“诶,真源。”小林叫住小张张,“你老眨眼睛是不是眼睛痒痒?过敏性鼻炎,是吧?”
张真源惊讶了一下:“你怎么知道?”然后瞬间反应过来,林颜茉是学医的,“是,哇,姐你好厉害。”
林颜茉:“用不用我晚上回去给你看看,然后扎两针?”
张真源明显有点吓到,表情带上一丝惊讶,但是又有一点期待。
“要有行医资格证才能给人针灸吧?”蒲猫猫恰好走过来,说道。
林颜茉:“我有,我有三张呢。”
“啊?!”两人齐齐震惊。
猫猫有点不太理解的问:“为什么有那么多?”
“一张军医的,一张临床外科的,一张中医的。这玩意,你想跨科就得再考一张。”小林解释道。
“那,谢谢姐了。”张真源有点不好意思地低头,然后突然听到不远处有人喊他,就连忙挥挥手告辞了。
就见他跑到工作人员那边,和另外几人一起上了自家公司的车上。
“这几个小孩,挺不容易的啊。”小林看着他们回过头来挥手的身影,也挥挥手,然后感叹道。
“看起来——”蒲熠星斟酌着用词,“限制很多,不怎么自由。”
“不止是这样。”林颜茉叹了口气,“之前跟小宋聊天,这孩子啥也没见过,啥好的都没吃过,除了跟工作就哪都没去过。也不像咱们,去哪工作可以顺便在那儿逛逛,他们录制之外的时间都得老老实实和工作人员待在一起。”

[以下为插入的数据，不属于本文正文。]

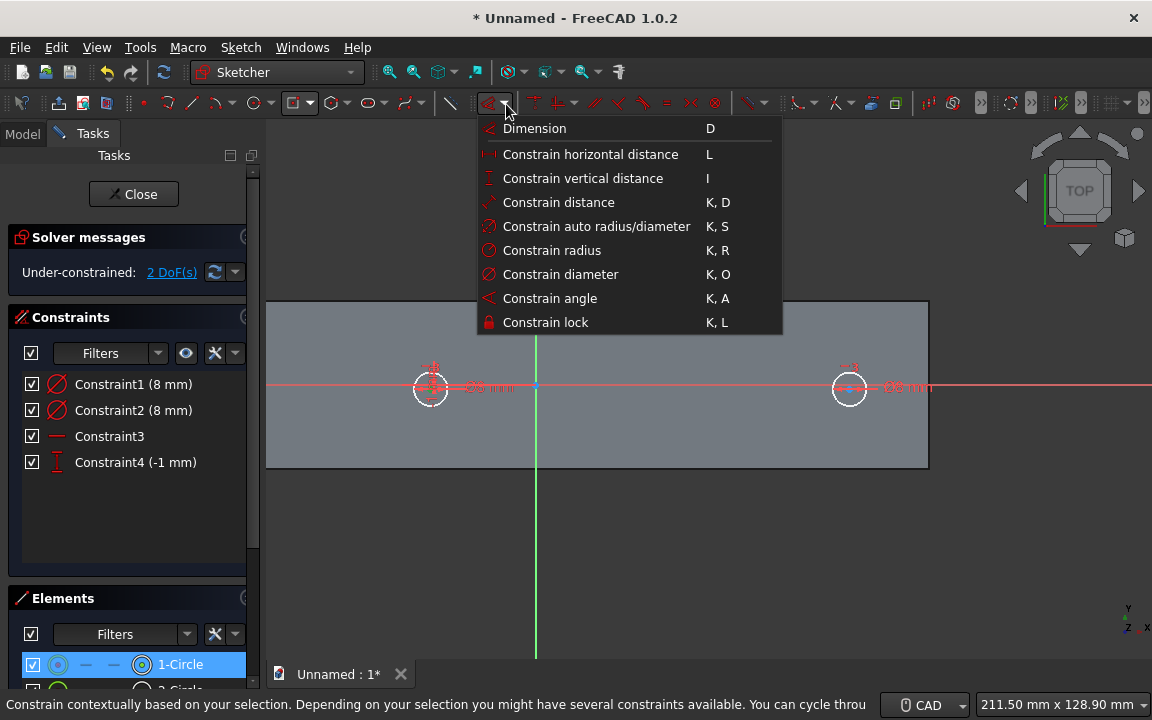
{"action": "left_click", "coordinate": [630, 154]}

蒲熠星也跟着有些感叹:“可能这就是年少成名的代价吧。”
聊了一会儿,接两人的车也来了,兄妹俩就也上车去吃饭了。
晚上回到酒店,林颜茉都洗完澡和男朋友通完电话之后,才收到张真源的消息。
因为种种原因,小炸几个人不能出酒店,林颜茉一个女孩子去他们房间也不合适,就包了楼上的VIp茶室。
看着小张、小马、小宋、小贺排排队等着她把脉,林颜茉就想笑。
“先待一会儿,坐会儿,不然脉象不稳定。”
四个男孩非常听话,立刻就坐下了。
“阿蒲哥没一起过来吗?”小贺询问道。
贺峻霖这孩子也没跟阿蒲合作过,但就是很看好甚至可以说崇拜阿蒲。
不过毕竟她这几个哥哥都是厉害得很客观的人,林颜茉有些骄傲地想着,可能蒲神就是人们的通识吧。
“他最近在写书,一回屋就两耳不闻窗外事。”小林摆摆手,“谁也不理,也就理理楚迪姐。”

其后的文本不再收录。